IN RE: S. T., a Person Alleged to have a Mental Illness. STATE OF OREGON, Respondent, v. S. T., Appellant.
Appellant appeals the judgment committing him to the Oregon Health Authority for a period not to exceed 180 days pursuant to ORS 426.130. In the second of his three assignments of error, appellant argues that the record lacks sufficient evidence that, due to a mental disorder, appellant was a danger to self. The state concedes as to that assignment of error that “the evidence in the record does not meet the legal standard for involuntary commitment based on danger to self,” and that the error requires reversal of the trial court's judgment.1 We agree and accept the state's concession. Appellant raises two additional assignments of error—that he did not receive a required notice and that there was insufficient evidence for the trial court to conclude that he was unable or unwilling to participate in voluntary treatment—but our reversal of the judgment based on appellant's second assignment of error obviates the need to address the other assignments.
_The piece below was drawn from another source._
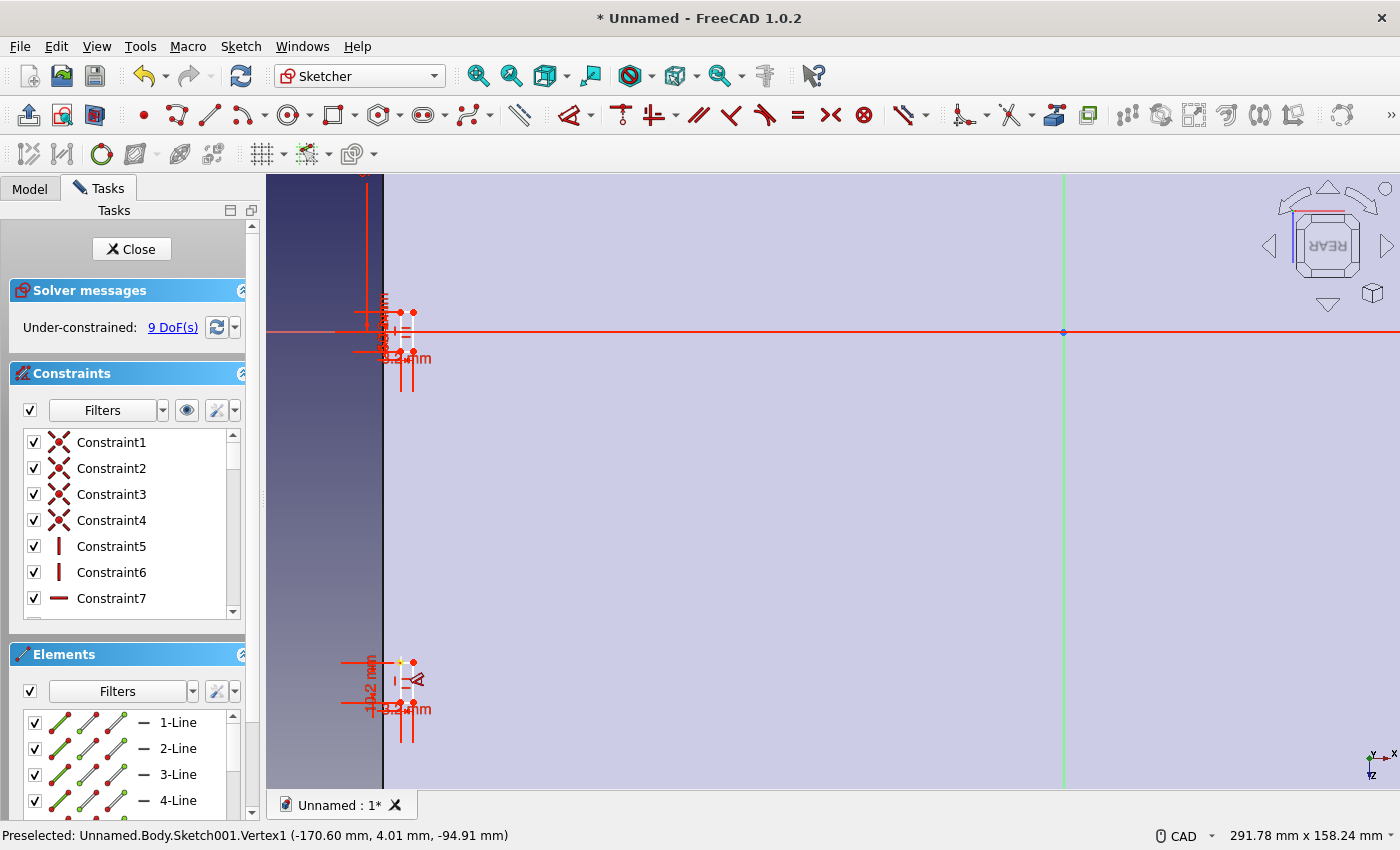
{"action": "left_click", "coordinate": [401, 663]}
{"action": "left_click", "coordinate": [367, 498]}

1. The judgment—a check-the-box form—indicates that appellant was committed after the court determined that he was a person with a mental illness as defined in the statutory provision now numbered as ORS 426.005(1)(f)(A). That provision includes danger to self and others. The parties agree, however, that the court's sole basis for committing appellant was danger to self, and we also understand that to be the court's sole basis.